ジャンヌ・ダルクと女騎士

コンピエーニュ

「おそらく、パリに我々がむかっている最中に、陛下の御領地を手に入れ、それを理由に国王の座を追おうとされるだろう。私のことは、それから追放しても遅くはないと思われているはずだ」
「何と!」
「だからこそ、今は陛下と事を構えるべきではないのだよ、ヨウジイ。分かったかね?」
「はい……。私は、閣下のご命令に従うのみです」
「ははは。
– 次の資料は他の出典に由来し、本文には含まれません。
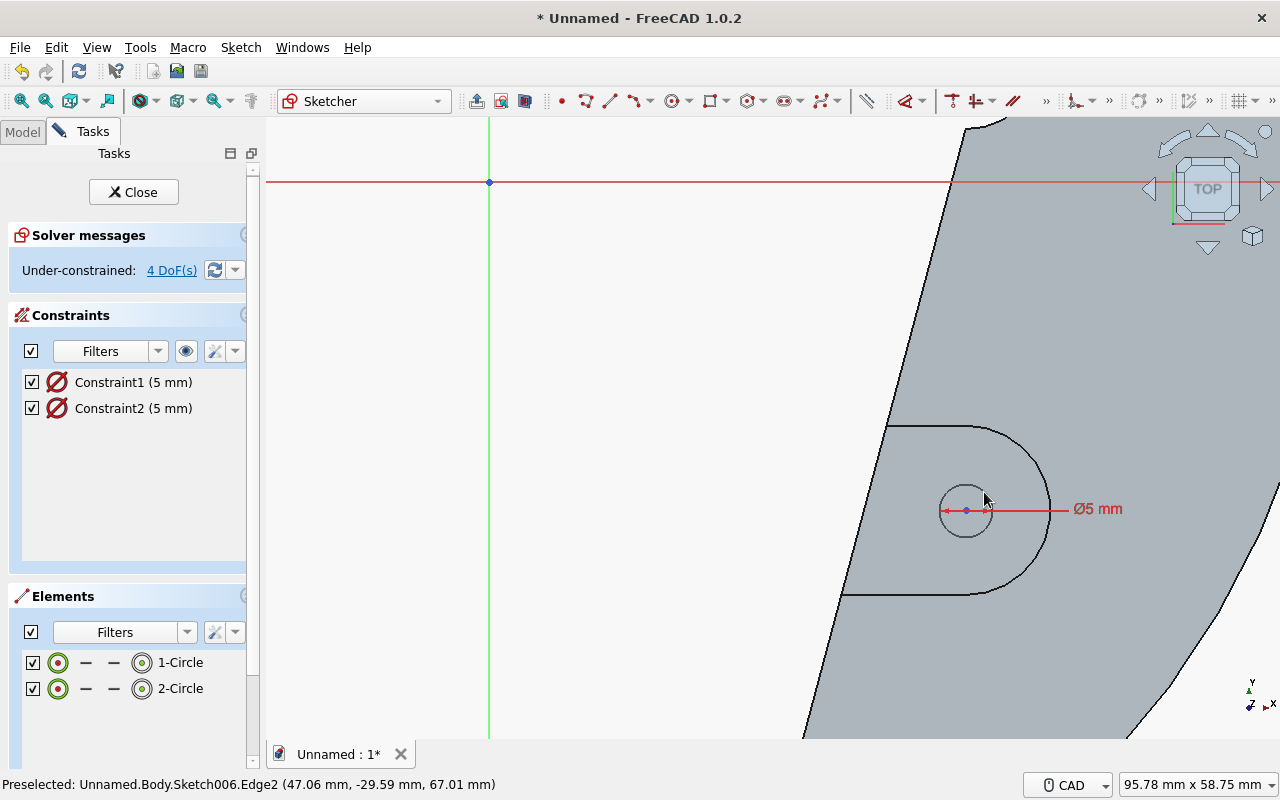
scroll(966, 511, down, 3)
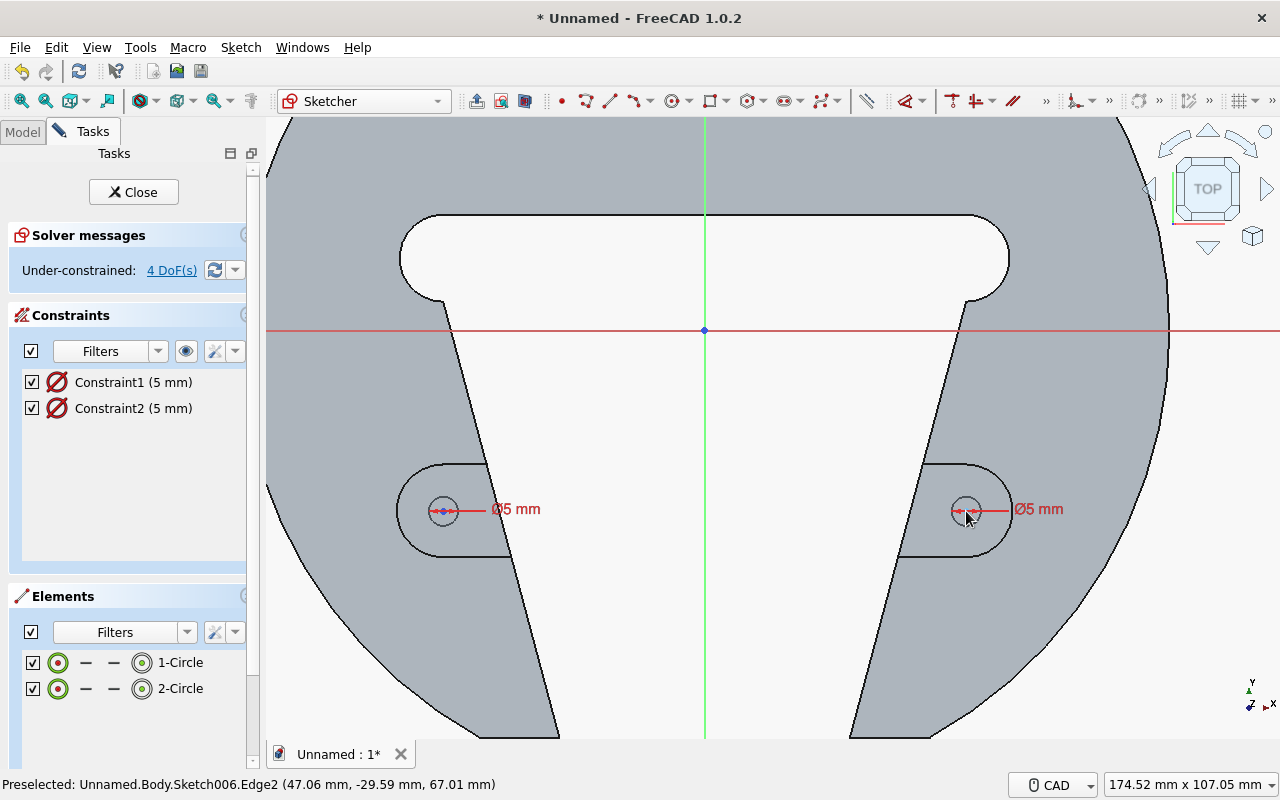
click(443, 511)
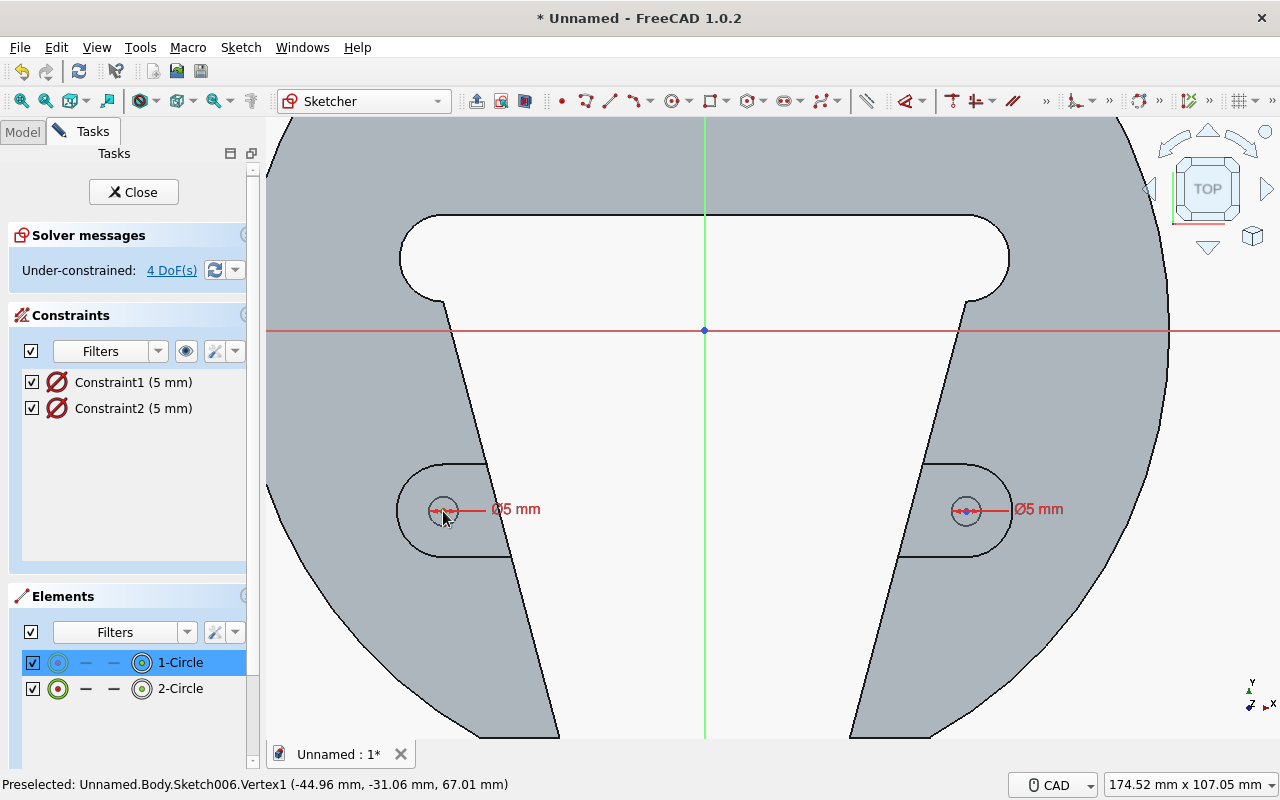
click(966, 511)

君の忠誠は、疑ったことがないよ」
 アルテュールはそう言うと、微笑んだ。
「そういえば、あの子はどうしている? まだオルレアンにいるのか?」
「お嬢様でございますか? いえ、先にパリに向かわれているはずです」
「そうか。無茶をせねばよいのだが……。念の為に追ってくれるか?」
「はっ!」
 ヨウジイは短くそう返事をすると、その場を後にした。
シャルルとブルゴーニュ派の一五日間の休戦の間、イギリス軍はフランス北部カレーに上陸した三五〇〇人の騎兵と弓兵の援軍を待っていた。
 この部隊は元々、フス派と呼ばれるキリスト教の異端の一派と戦う為にチェコに送られる予定だったのだが、急遽(きゅうきょ)パリに向かわされることになったのだった。
 その部隊とジャンヌ率いるフランス軍が対峙したのは、サンリスだったが、何故かジャンヌ達が挑発しても乗ってこず、シャルルはクレピーへ引き揚げ、イギリス軍のベッドフォード公は違う方向に向かったのだった。
 この時のシャルルの行動にも、ジャンヌやアランソン公達は苛立ったが、パリの北、コンピエーニュの時の方がもっと酷かった。

「サンドニに向かいましょう」
 いっこうにコンピエーニュから動こうとしないシャルルに業を煮やしたジャンヌがそう言うと、アランソン公達もそれに続いた。
 そして、シャルルにもサンドニに来るよう促したが、やっとのことで重い腰を上げてサンドニまで来ても、何故か目の前のパリに入ろうとはしなかった。
「私達だけでもパリに!」
 そのジャンヌの言葉を合図に、彼らは一四二九年九月八日、パリのサン・トル門を攻撃した。
「流石、パリは固いな」
 周囲が赤く染まるころ、アランソン公がそう言いながら周囲を見回した時だった。
「乙女、危ない!」
 そう叫んだ少年の声が聞こえたのは。
「乙女!?」
 アランソン公がそう叫びながら声のした方に行くと、一人の少年がその身を赤く染めて、ゆっくり倒れるのが見えた。
「いやぁっ、レーモンっ!」
 甲高い少女の悲痛な叫びも聞こえ、慌てて駆け寄ると、ジャンヌはその少年の背後――今は下にいた。彼がその身を盾にして、彼女を大弓の嵐から守ったのだと、一目で分かった。
「乙女!」
 まだ自分を庇って倒れた小姓レーモンの亡骸にすがりついて涙を流す彼女の肩にも、一本弓が刺さっていた。